Mercedes hit-and-run case: Delhi Police welcomes JJB decision

It is the first of its kind case since the amendment in Juvenile Justice (Care and Protection of Children) Act, 2015.

Published: 05th June 2016 12:04 AM  |   Last Updated: 05th June 2016 12:04 AM   |  A+A-


NEW DELHI: Delhi Police today welcomed the Juvenile Justice Board's order that allowed a teenager, who allegedly ran over a 32-year-old marketing executive while driving his father's Mercedes, to be tried as an adult.

"First ever judgement...In Mercedes Hit and Run case Juvenile offender will now face trial as an adult...A big victory for prosecution! (sic)" DCP (North) Madhur Verma tweeted after the Board passed an order on the application of Delhi Police which had sought transfer of the case to trial court to try as adult the accused who turned major just four days after the April 4 incident.

It is the first of its kind case since the amendment in Juvenile Justice (Care and Protection of Children) Act, 2015, which allowed the Board to transfer cases of heinous offences by children to Sessions court. In initial stages, the family of the victim was dissatisfied with the investigation by the police. They had communicated the matter to Delhi Police Commissioner Alok Kumar Verma following which the investigating officer of the case was changed and stricter penal sections were added.
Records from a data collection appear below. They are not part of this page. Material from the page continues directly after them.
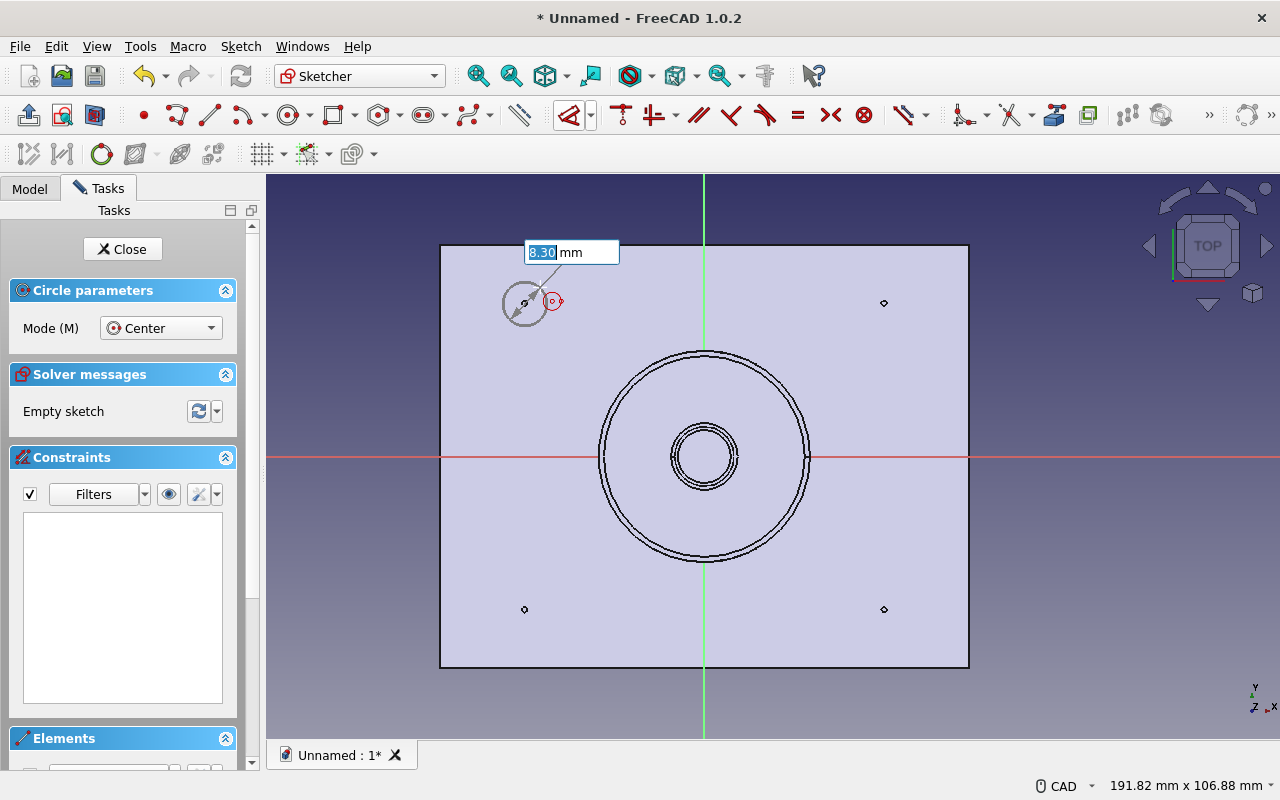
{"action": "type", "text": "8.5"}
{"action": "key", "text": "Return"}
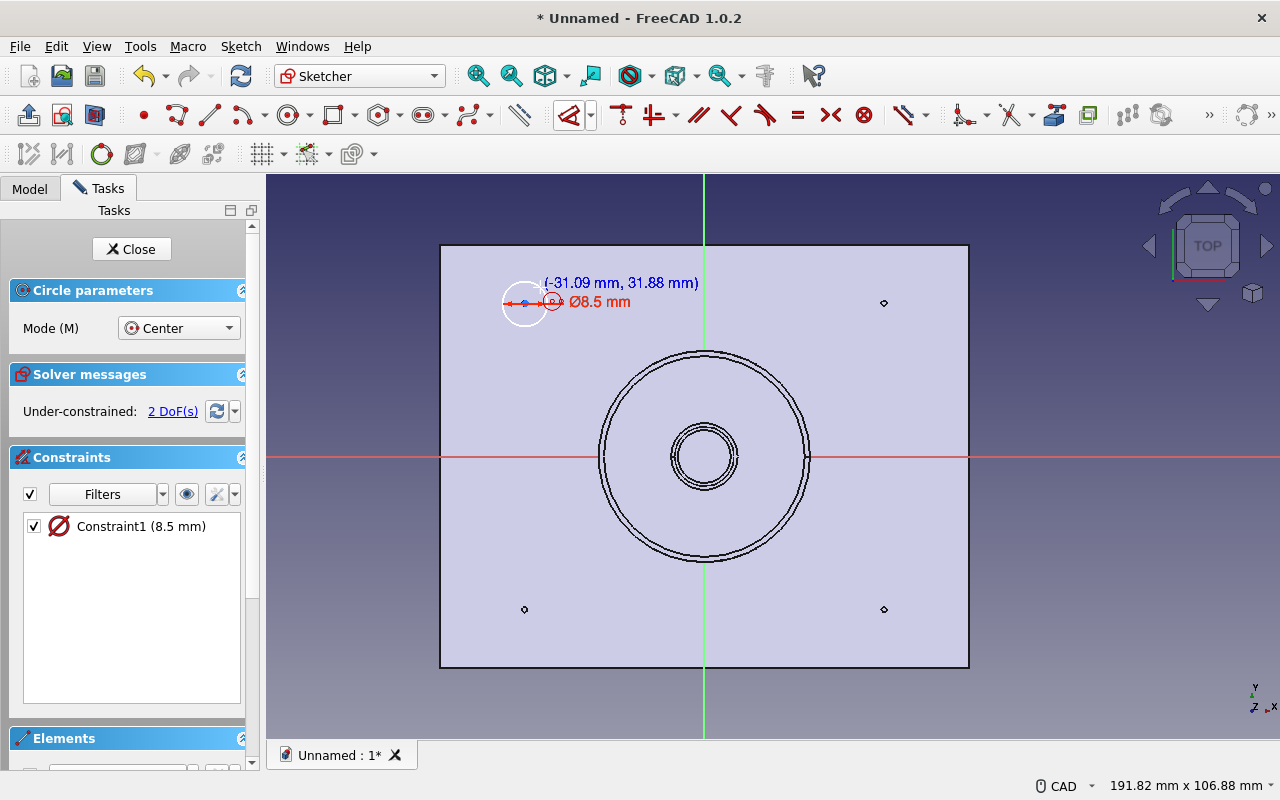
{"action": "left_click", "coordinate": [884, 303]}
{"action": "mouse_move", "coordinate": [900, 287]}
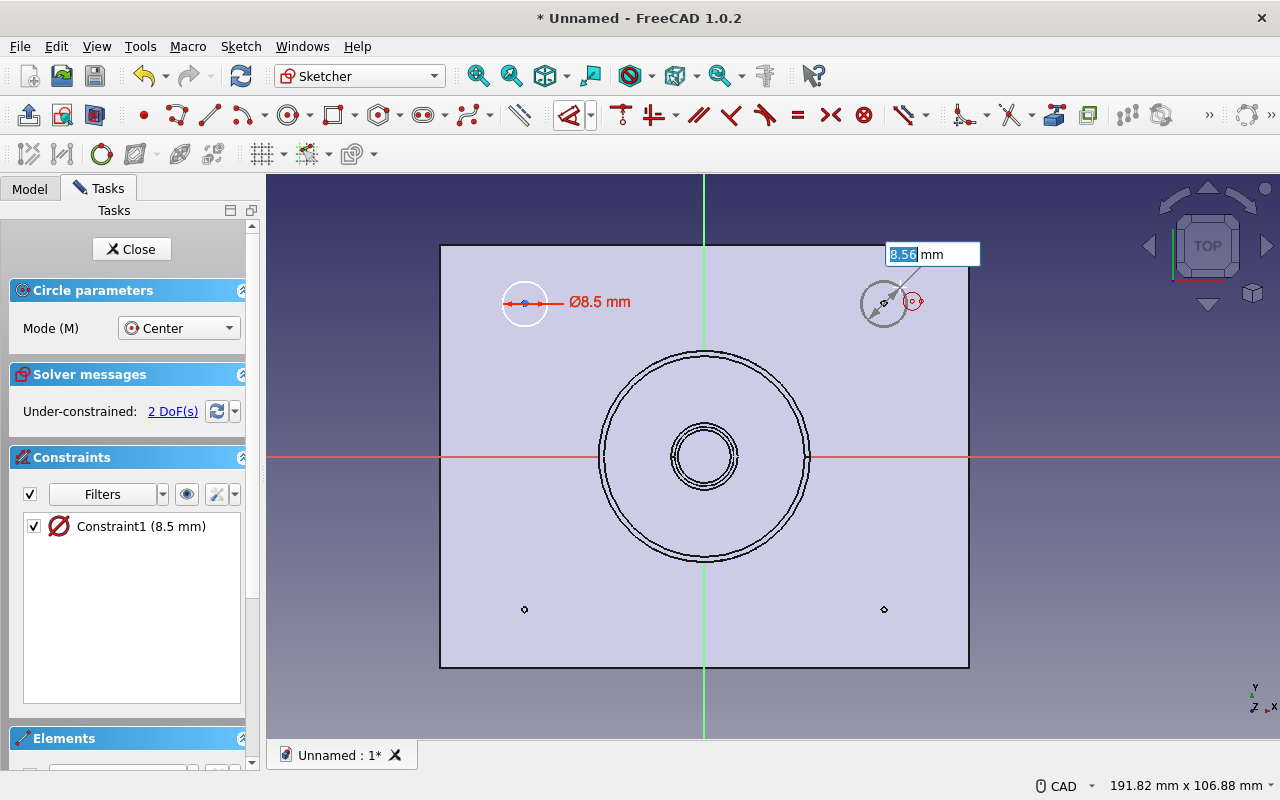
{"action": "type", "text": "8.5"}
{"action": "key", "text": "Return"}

The teenger was initially booked for the charge of rash driving and negligence causing death but later, considering his past record of rash and negligent driving (an act, which in itself in unlawful in case of a minor), police slapped the charge of culpable homicide not amounting to murder. Under the new provisions of the Juvenile Justice (Care and Protection of Children) Act implemented in January, minors in the 16-18 age group can be tried as adults in cases of heinous crimes.

Last week, Delhi Police had filed the charge sheet in the Mercedes hit-and-run case and moved an application urging the Juvenile Justice Board to treat the 17-year-old accused like an adult under the new provisions of the law. His father, whose Mercedes he was driving, too was charged with abetting his son's crime and his father's driver who tried to mislead police, was also booked under relevant sections of IPC.